Any Sovereign placed in such exceptional circumstances would surely have had the impulse to do something for the nation in order to improve the general conditions of its existence. Such thoughts may have animated Nicholas II., but if they did they died before they were given expression. A large gift of a few millions coming from his private purse would have made him none the poorer, and would have brought again to him the popularity which he had been steadfastly losing ever since the day of his accession to the Throne of the Romanoffs. That sum, spent in building new schools, or even hospitals in various large towns in Russia, would have made his name and person popular all over the country; would have brought him blessings and thanks from millions of poor people whose needs, physical and moral, such a gift would have met. But apparently no such idea occurred to him or to his Consort. On March 6th their only thought was to admire the decorations and the bunting displayed in the streets of the capital; they accepted the addresses, felicitations, and gifts of their subjects. For all the outward expression evinced they never, even for one single moment, gave their attention to the fact that in return for what was presented to them they also ought to give something to those who offered them all that was in their means to give.
The amnesty so solemnly promulgated proved to be nothing less than a farce. All the thieves and common malefactors who were crowding the prisons of St. Petersburg and the other towns of the Empire were set free, but the political exiles, men of culture and the highest civic and private virtue, were left to their sad fate, with only their sorrow and their despairing memories.

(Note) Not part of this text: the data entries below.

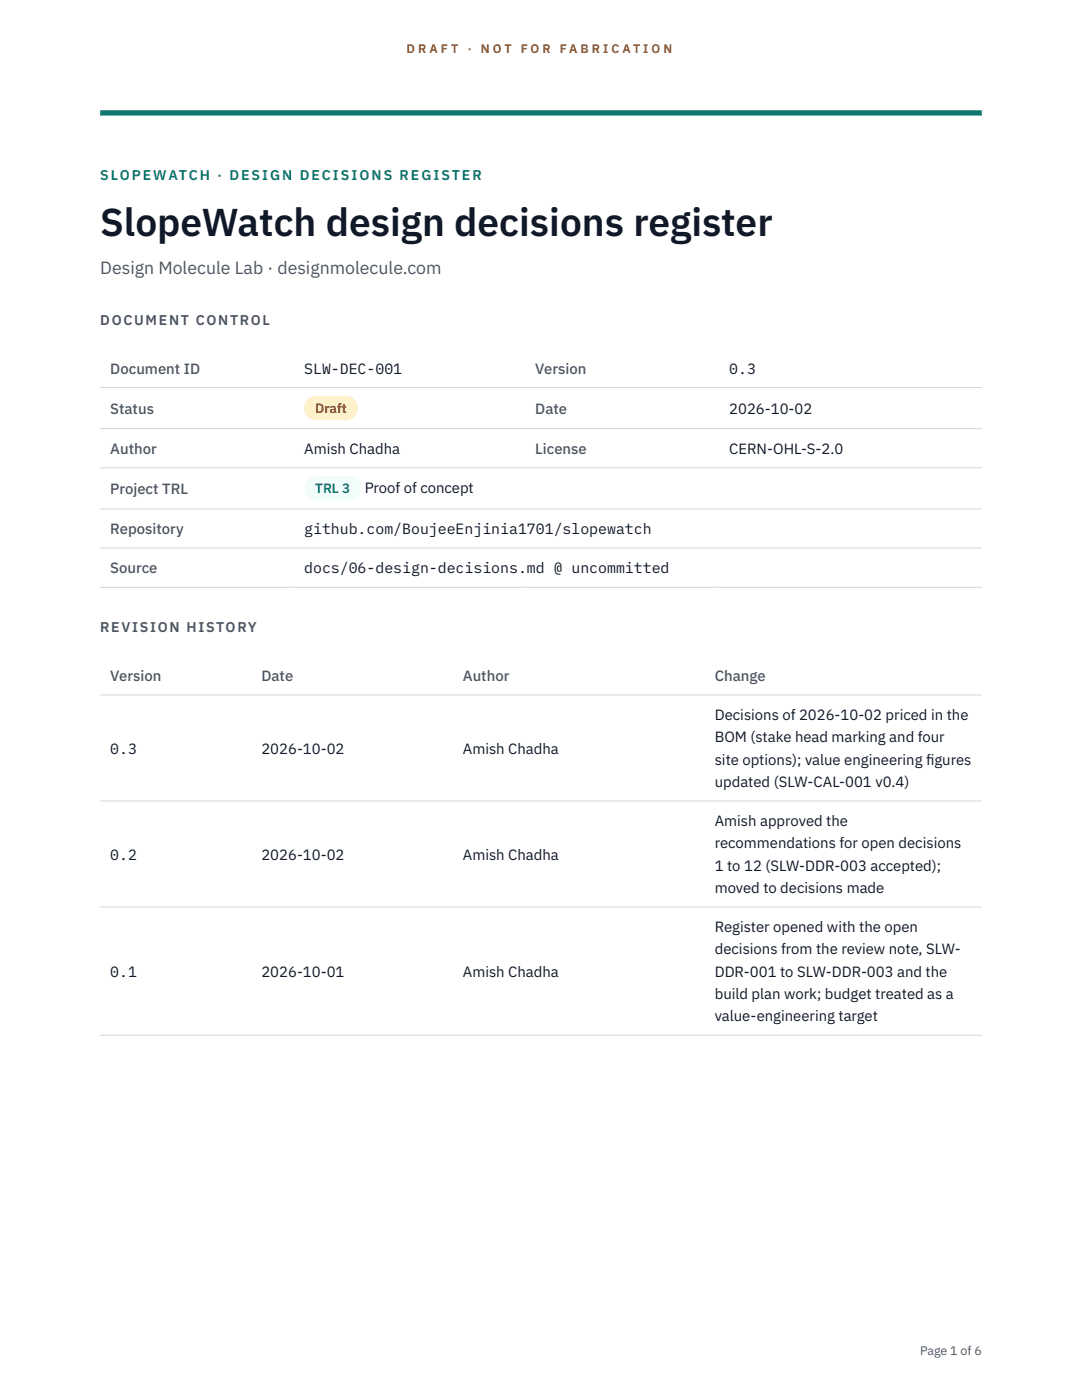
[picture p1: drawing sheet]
<svg xmlns="http://www.w3.org/2000/svg" width="216mm" height="279mm" viewBox="0 0 216 279" stroke-linecap="round" stroke-linejoin="round" font-family="sans-serif">
<defs><g id="words">
<text font-size="7.8" fill="#111827" x="20" y="47.1">SlopeWatch design decisions register</text>
<text font-size="3.5" fill="#4b5563" x="20" y="54.6">Design Molecule Lab · designmolecule.com</text>
<g font-size="3" fill="#4b5563">
<text x="22" y="74.5">Document ID</text>
<text x="106.8" y="74.5">Version</text>
<text x="22" y="82.6">Status</text>
<text x="106.8" y="82.6">Date</text>
<text x="22" y="90.6">Author</text>
<text x="106.8" y="90.6">License</text>
<text x="22" y="98.6">Project TRL</text>
<text x="22" y="106.6">Repository</text>
<text x="22" y="114.4">Source</text>
<text x="22" y="135.9">Version</text>
<text x="52.2" y="135.9">Date</text>
<text x="92.4" y="135.9">Author</text>
<text x="142.6" y="135.9">Change</text>
</g>
<g font-size="3" fill="#111827">
<text x="60.7" y="74.5">SLW-DEC-001</text>
<text x="145.5" y="74.5">0.3</text>
<text x="145.5" y="82.6">2026-10-02</text>
<text x="60.7" y="90.6">Amish Chadha</text>
<text x="145.5" y="90.6">CERN-OHL-S-2.0</text>
<text x="72.8" y="98.5">Proof of concept</text>
<text x="60.7" y="106.6">github.com/BoujeeEnjinia1701/slopewatch</text>
<text x="60.7" y="114.4">docs/06-design-decisions.md @ uncommitted</text>
<text x="142.6" y="143.7">Decisions of 2026-10-02 priced in the</text>
<text x="142.6" y="148.2">BOM (stake head marking and four</text>
<text x="22" y="150.4">0.3</text>
<text x="52.2" y="150.4">2026-10-02</text>
<text x="92.4" y="150.4">Amish Chadha</text>
<text x="142.6" y="152.6">site options); value engineering f</text>
<text x="184.8" y="152.6">igures</text>
<text x="142.6" y="157.1">updated (SLW-CAL-001 v0.4)</text>
<text x="142.6" y="164.9">Amish approved the</text>
<text x="22" y="171.5">0.2</text>
<text x="52.2" y="171.5">2026-10-02</text>
<text x="92.4" y="171.5">Amish Chadha</text>
<text x="142.6" y="169.3">recommendations for open decisions</text>
<text x="142.6" y="173.8">1 to 12 (SLW-DDR-003 accepted);</text>
<text x="142.6" y="178.2">moved to decisions made</text>
<text x="142.6" y="186">Register opened with the open</text>
<text x="142.6" y="190.5">decisions from the review note, SLW-</text>
<text x="22" y="194.9">0.1</text>
<text x="52.2" y="194.9">2026-10-01</text>
<text x="92.4" y="194.9">Amish Chadha</text>
<text x="142.6" y="194.9">DDR-001 to SLW-DDR-003 and the</text>
<text x="142.6" y="199.4">build plan work; budget treated as a</text>
<text x="142.6" y="203.8">value-engineering target</text>
</g>
<text font-size="2.8" fill="#0f766e" x="20" y="36">SLOPEWATCH · DESIGN DECISIONS REGISTER</text>
<g font-size="2.8" fill="#4b5563">
<text x="20" y="64.8">DOCUMENT CONTROL</text>
<text x="20" y="126.2">REVISION HISTORY</text>
</g>
<text font-size="2.7" fill="#92400e" x="62.9" y="82.5">Draft</text>
<text font-size="2.7" fill="#0f766e" x="62.9" y="98.5">TRL 3</text>
<g font-size="2.5" fill="#b45309">
<text x="81.1" y="10.5">D R A F T</text>
<text x="93.3" y="10.5">·</text>
<text x="95.9" y="10.5">N O T</text>
<text x="103.9" y="10.5">F O R</text>
<text x="111.7" y="10.5">F A B R I C A T I O N</text>
</g>
<text font-size="2.5" fill="#4b5563" x="183.6" y="270.3">Page 1 of 6</text>
</g></defs>
<path d="M20 23.1h175.9zM20 22h175.9v1.1h-175.9z" fill-rule="evenodd" fill="#0f766e"/>
<path d="M20 77.3h175.9M20 85.5h175.9M20 93.4h175.9M20 101.6h175.9M20 109.4h175.9M20 117.2h175.9M20 138.7h175.9M20 159.9h175.9M20 181h175.9M20 206.6h175.9" fill="none" stroke="#d1d5db" stroke-width=".2"/>
<path d="M60.7 79h10.7v4.9h-10.7z" fill="#fef3c7"/>
<path d="M60.7 95.1h11.4v4.8h-11.4z" fill="#f0fdfa"/>
<use href="#words"/>
</svg>

There was one personage who had been the object of the general pity because a feeling of honesty, unknown generally in a man placed in the position he was in at the time of his fall and condemnation, had led him to tell the truth about the conduct and machinations of the political police of which he was the head. M. Lapoukhine had been followed into his exile by the sympathy not only of those who knew him well but also of many persons who had never seen him. It was felt that he was a victim of a corrupt order of things, perhaps also of private revenge coming from such high quarters that one could not even mention them. One had fully believed that the three hundredth year of the reign of the Romanoff Dynasty would bring him a free pardon and the right to take up once more his place in a Society that had never excluded him from its midst. But March 6th came and went, and nothing was heard about this unfortunate man, and this indifference to his fate raised such a storm of indignation everywhere that even the feelings of loyalty of many which until then had never wavered began to be shaken in presence of this arrant injustice.